Try it
Filter these entries down to lines holding "medium".

Dataset entries
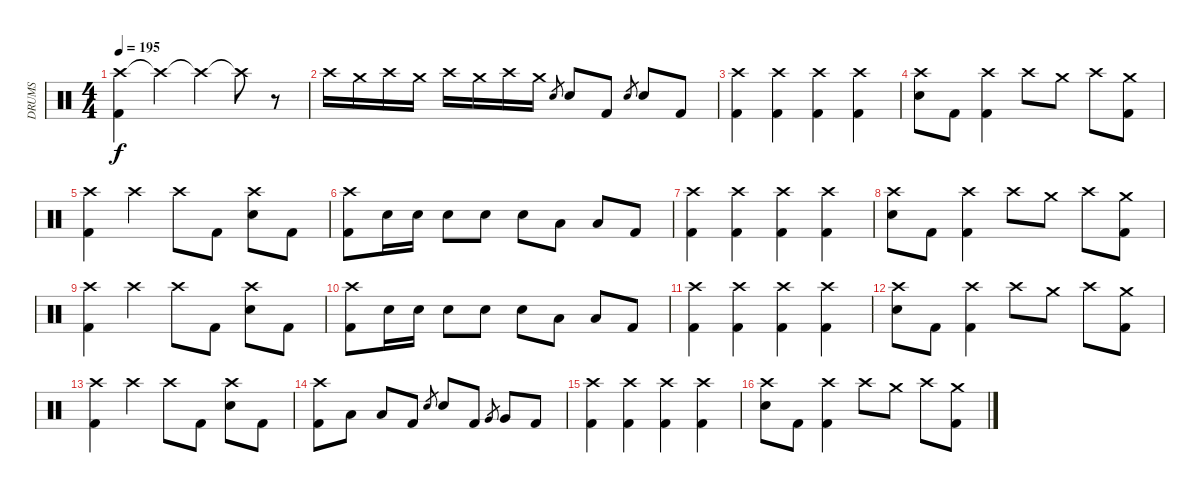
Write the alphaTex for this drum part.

\track ("DRUMS" "DRUMS") {instrument percussion}
\staff {score}
\articulation defaults
\ts (4 4)
\tempo 195
\clef neutral
\ks c
("Crash high (hit)" "Kick (hit) 2").4{dy f} "Crash high (hit)"{t}.4 "Crash high (hit)"{t}.4 "Crash high (hit)"{t}.8 r.8{volume 5} |
"Crash high (hit)".16{volume 16} "Crash medium (hit)".16 "Crash high (hit)".16 "Crash medium (hit)".16 "Crash high (hit)".16 "Crash medium (hit)".16 "Crash high (hit)".16 "Crash medium (hit)".16 "Electric Snare (hit)".8{gr} "Electric Snare (hit)".8 "Kick (hit) 2".8 "Electric Snare (hit)".8{gr} "Electric Snare (hit)".8 "Kick (hit) 2".8 |
("Crash high (hit)" "Kick (hit) 2").4 ("Crash high (hit)" "Kick (hit) 2").4 ("Crash high (hit)" "Kick (hit) 2").4 ("Crash high (hit)" "Kick (hit) 2").4 |
("Crash high (hit)" "Electric Snare (hit)").8 "Kick (hit) 2".8 ("Crash high (hit)" "Kick (hit) 2").4 "Crash high (hit)".8 "Crash medium (hit)".8 "Crash high (hit)".8 ("Crash medium (hit)" "Kick (hit) 2").8 |
("Crash high (hit)" "Kick (hit) 2").4 "Crash high (hit)".4 "Crash high (hit)".8 "Kick (hit) 2".8 ("Crash high (hit)" "Electric Snare (hit)").8 "Kick (hit) 2".8 |
("Crash high (hit)" "Kick (hit) 2").8 "Electric Snare (hit)".16 "Electric Snare (hit)".16 "Electric Snare (hit)".8 "Electric Snare (hit)".8 "Electric Snare (hit)".8 "Low Tom (hit)".8 "Low Floor Tom (hit)".8 "Kick (hit) 2".8 |
("Crash high (hit)" "Kick (hit) 2").4 ("Crash high (hit)" "Kick (hit) 2").4 ("Crash high (hit)" "Kick (hit) 2").4 ("Crash high (hit)" "Kick (hit) 2").4 |
("Crash high (hit)" "Electric Snare (hit)").8 "Kick (hit) 2".8 ("Crash high (hit)" "Kick (hit) 2").4 "Crash high (hit)".8 "Crash medium (hit)".8 "Crash high (hit)".8 ("Crash medium (hit)" "Kick (hit) 2").8 |
("Crash high (hit)" "Kick (hit) 2").4 "Crash high (hit)".4 "Crash high (hit)".8 "Kick (hit) 2".8 ("Crash high (hit)" "Electric Snare (hit)").8 "Kick (hit) 2".8 |
("Crash high (hit)" "Kick (hit) 2").8 "Electric Snare (hit)".16 "Electric Snare (hit)".16 "Electric Snare (hit)".8 "Electric Snare (hit)".8 "Electric Snare (hit)".8 "Low Tom (hit)".8 "Low Floor Tom (hit)".8 "Kick (hit) 2".8 |
("Crash high (hit)" "Kick (hit) 2").4 ("Crash high (hit)" "Kick (hit) 2").4 ("Crash high (hit)" "Kick (hit) 2").4 ("Crash high (hit)" "Kick (hit) 2").4 |
("Crash high (hit)" "Electric Snare (hit)").8 "Kick (hit) 2".8 ("Crash high (hit)" "Kick (hit) 2").4 "Crash high (hit)".8 "Crash medium (hit)".8 "Crash high (hit)".8 ("Crash medium (hit)" "Kick (hit) 2").8 |
("Crash high (hit)" "Kick (hit) 2").4 "Crash high (hit)".4 "Crash high (hit)".8 "Kick (hit) 2".8 ("Crash high (hit)" "Electric Snare (hit)").8 "Kick (hit) 2".8 |
("Crash high (hit)" "Kick (hit) 2").8 "Low Tom (hit)".8 "Low Tom (hit)".8 "Kick (hit) 2".8 "Electric Snare (hit)".8{gr} "Electric Snare (hit)".8 "Kick (hit) 2".8 "Very Low Tom (hit)".8{gr} "Very Low Tom (hit)".8 "Kick (hit) 2".8 |
("Crash high (hit)" "Kick (hit) 2").4 ("Crash high (hit)" "Kick (hit) 2").4 ("Crash high (hit)" "Kick (hit) 2").4 ("Crash high (hit)" "Kick (hit) 2").4 |
("Crash high (hit)" "Electric Snare (hit)").8 "Kick (hit) 2".8 ("Crash high (hit)" "Kick (hit) 2").4 "Crash high (hit)".8 "Crash medium (hit)".8 "Crash high (hit)".8 ("Crash medium (hit)" "Kick (hit) 2").8
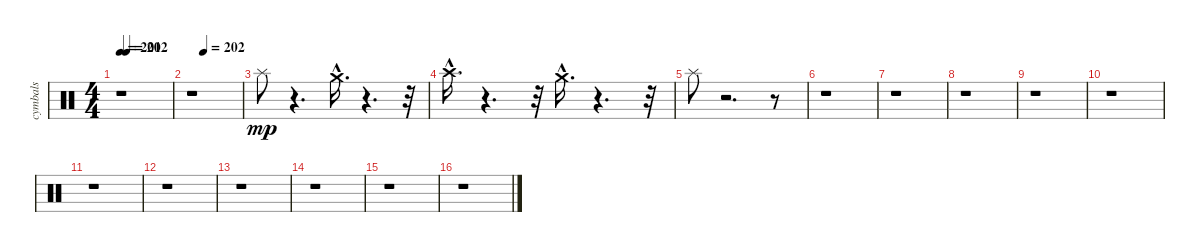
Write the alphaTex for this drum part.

\track ("cymbals" "cymbals") {instrument percussion}
\staff {score}
\articulation defaults
\ts (4 4)
\tempo 201
\tempo (202 0.125)
\clef neutral
\ks c
r.1{dy mp} |
\tempo (202 0.25)
r.1 |
"Splash (hit)".8 r.4{d} "Crash medium (hit)"{hac}.16{d} r.4{d} r.32 |
"Crash high (hit)"{hac}.16{d} r.4{d} r.32 "Crash medium (hit)"{hac}.16{d} r.4{d} r.32 |
"Splash (hit)".8 r.2{d} r.8 |
r.1 |
r.1 |
r.1 |
r.1 |
r.1 |
r.1 |
r.1 |
r.1 |
r.1 |
r.1 |
r.1
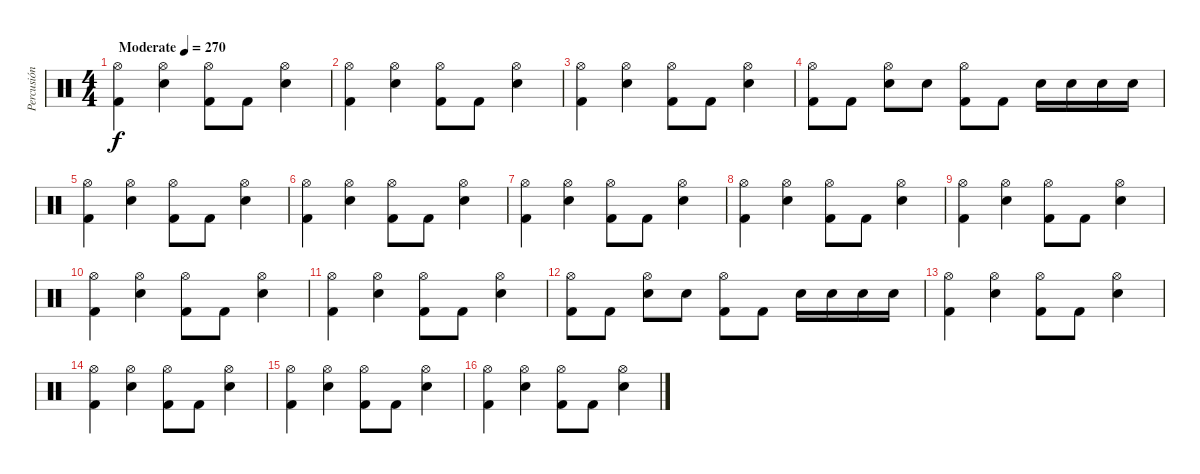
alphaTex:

\track ("Percusión" "Percusión") {instrument percussion}
\staff {score}
\articulation defaults
\ts (4 4)
\tempo (270 "Moderate")
\clef neutral
\ks c
("Hi-Hat (open)" "Kick (hit) 2").4{dy f} ("Hi-Hat (open)" "Electric Snare (hit)").4 ("Hi-Hat (open)" "Kick (hit) 2").8 "Kick (hit) 2".8 ("Hi-Hat (open)" "Electric Snare (hit)").4 |
("Hi-Hat (open)" "Kick (hit) 2").4 ("Hi-Hat (open)" "Electric Snare (hit)").4 ("Hi-Hat (open)" "Kick (hit) 2").8 "Kick (hit) 2".8 ("Hi-Hat (open)" "Electric Snare (hit)").4 |
("Hi-Hat (open)" "Kick (hit) 2").4 ("Hi-Hat (open)" "Electric Snare (hit)").4 ("Hi-Hat (open)" "Kick (hit) 2").8 "Kick (hit) 2".8 ("Hi-Hat (open)" "Electric Snare (hit)").4 |
("Hi-Hat (open)" "Kick (hit) 2").8 "Kick (hit) 2".8 ("Hi-Hat (open)" "Electric Snare (hit)").8 "Electric Snare (hit)".8 ("Hi-Hat (open)" "Kick (hit) 2").8 "Kick (hit) 2".8 "Electric Snare (hit)".16 "Electric Snare (hit)".16 "Electric Snare (hit)".16 "Electric Snare (hit)".16 |
("Hi-Hat (open)" "Kick (hit) 2").4 ("Hi-Hat (open)" "Electric Snare (hit)").4 ("Hi-Hat (open)" "Kick (hit) 2").8 "Kick (hit) 2".8 ("Hi-Hat (open)" "Electric Snare (hit)").4 |
("Hi-Hat (open)" "Kick (hit) 2").4 ("Hi-Hat (open)" "Electric Snare (hit)").4 ("Hi-Hat (open)" "Kick (hit) 2").8 "Kick (hit) 2".8 ("Hi-Hat (open)" "Electric Snare (hit)").4 |
("Hi-Hat (open)" "Kick (hit) 2").4 ("Hi-Hat (open)" "Electric Snare (hit)").4 ("Hi-Hat (open)" "Kick (hit) 2").8 "Kick (hit) 2".8 ("Hi-Hat (open)" "Electric Snare (hit)").4 |
("Hi-Hat (open)" "Kick (hit) 2").4 ("Hi-Hat (open)" "Electric Snare (hit)").4 ("Hi-Hat (open)" "Kick (hit) 2").8 "Kick (hit) 2".8 ("Hi-Hat (open)" "Electric Snare (hit)").4 |
("Hi-Hat (open)" "Kick (hit) 2").4 ("Hi-Hat (open)" "Electric Snare (hit)").4 ("Hi-Hat (open)" "Kick (hit) 2").8 "Kick (hit) 2".8 ("Hi-Hat (open)" "Electric Snare (hit)").4 |
("Hi-Hat (open)" "Kick (hit) 2").4 ("Hi-Hat (open)" "Electric Snare (hit)").4 ("Hi-Hat (open)" "Kick (hit) 2").8 "Kick (hit) 2".8 ("Hi-Hat (open)" "Electric Snare (hit)").4 |
("Hi-Hat (open)" "Kick (hit) 2").4 ("Hi-Hat (open)" "Electric Snare (hit)").4 ("Hi-Hat (open)" "Kick (hit) 2").8 "Kick (hit) 2".8 ("Hi-Hat (open)" "Electric Snare (hit)").4 |
("Hi-Hat (open)" "Kick (hit) 2").8 "Kick (hit) 2".8 ("Hi-Hat (open)" "Electric Snare (hit)").8 "Electric Snare (hit)".8 ("Hi-Hat (open)" "Kick (hit) 2").8 "Kick (hit) 2".8 "Electric Snare (hit)".16 "Electric Snare (hit)".16 "Electric Snare (hit)".16 "Electric Snare (hit)".16 |
("Hi-Hat (open)" "Kick (hit) 2").4 ("Hi-Hat (open)" "Electric Snare (hit)").4 ("Hi-Hat (open)" "Kick (hit) 2").8 "Kick (hit) 2".8 ("Hi-Hat (open)" "Electric Snare (hit)").4 |
("Hi-Hat (open)" "Kick (hit) 2").4 ("Hi-Hat (open)" "Electric Snare (hit)").4 ("Hi-Hat (open)" "Kick (hit) 2").8 "Kick (hit) 2".8 ("Hi-Hat (open)" "Electric Snare (hit)").4 |
("Hi-Hat (open)" "Kick (hit) 2").4 ("Hi-Hat (open)" "Electric Snare (hit)").4 ("Hi-Hat (open)" "Kick (hit) 2").8 "Kick (hit) 2".8 ("Hi-Hat (open)" "Electric Snare (hit)").4 |
("Hi-Hat (open)" "Kick (hit) 2").4 ("Hi-Hat (open)" "Electric Snare (hit)").4 ("Hi-Hat (open)" "Kick (hit) 2").8 "Kick (hit) 2".8 ("Hi-Hat (open)" "Electric Snare (hit)").4

Exercise answer
"Crash high (hit)".16{volume 16} "Crash medium (hit)".16 "Crash high (hit)".16 "Crash medium (hit)".16 "Crash high (hit)".16 "Crash medium (hit)".16 "Crash high (hit)".16 "Crash medium (hit)".16 "Electric Snare (hit)".8{gr} "Electric Snare (hit)".8 "Kick (hit) 2".8 "Electric Snare (hit)".8{gr} "Electric Snare (hit)".8 "Kick (hit) 2".8 |
("Crash high (hit)" "Electric Snare (hit)").8 "Kick (hit) 2".8 ("Crash high (hit)" "Kick (hit) 2").4 "Crash high (hit)".8 "Crash medium (hit)".8 "Crash high (hit)".8 ("Crash medium (hit)" "Kick (hit) 2").8 |
("Crash high (hit)" "Electric Snare (hit)").8 "Kick (hit) 2".8 ("Crash high (hit)" "Kick (hit) 2").4 "Crash high (hit)".8 "Crash medium (hit)".8 "Crash high (hit)".8 ("Crash medium (hit)" "Kick (hit) 2").8 |
("Crash high (hit)" "Electric Snare (hit)").8 "Kick (hit) 2".8 ("Crash high (hit)" "Kick (hit) 2").4 "Crash high (hit)".8 "Crash medium (hit)".8 "Crash high (hit)".8 ("Crash medium (hit)" "Kick (hit) 2").8 |
("Crash high (hit)" "Electric Snare (hit)").8 "Kick (hit) 2".8 ("Crash high (hit)" "Kick (hit) 2").4 "Crash high (hit)".8 "Crash medium (hit)".8 "Crash high (hit)".8 ("Crash medium (hit)" "Kick (hit) 2").8
"Splash (hit)".8 r.4{d} "Crash medium (hit)"{hac}.16{d} r.4{d} r.32 |
"Crash high (hit)"{hac}.16{d} r.4{d} r.32 "Crash medium (hit)"{hac}.16{d} r.4{d} r.32 |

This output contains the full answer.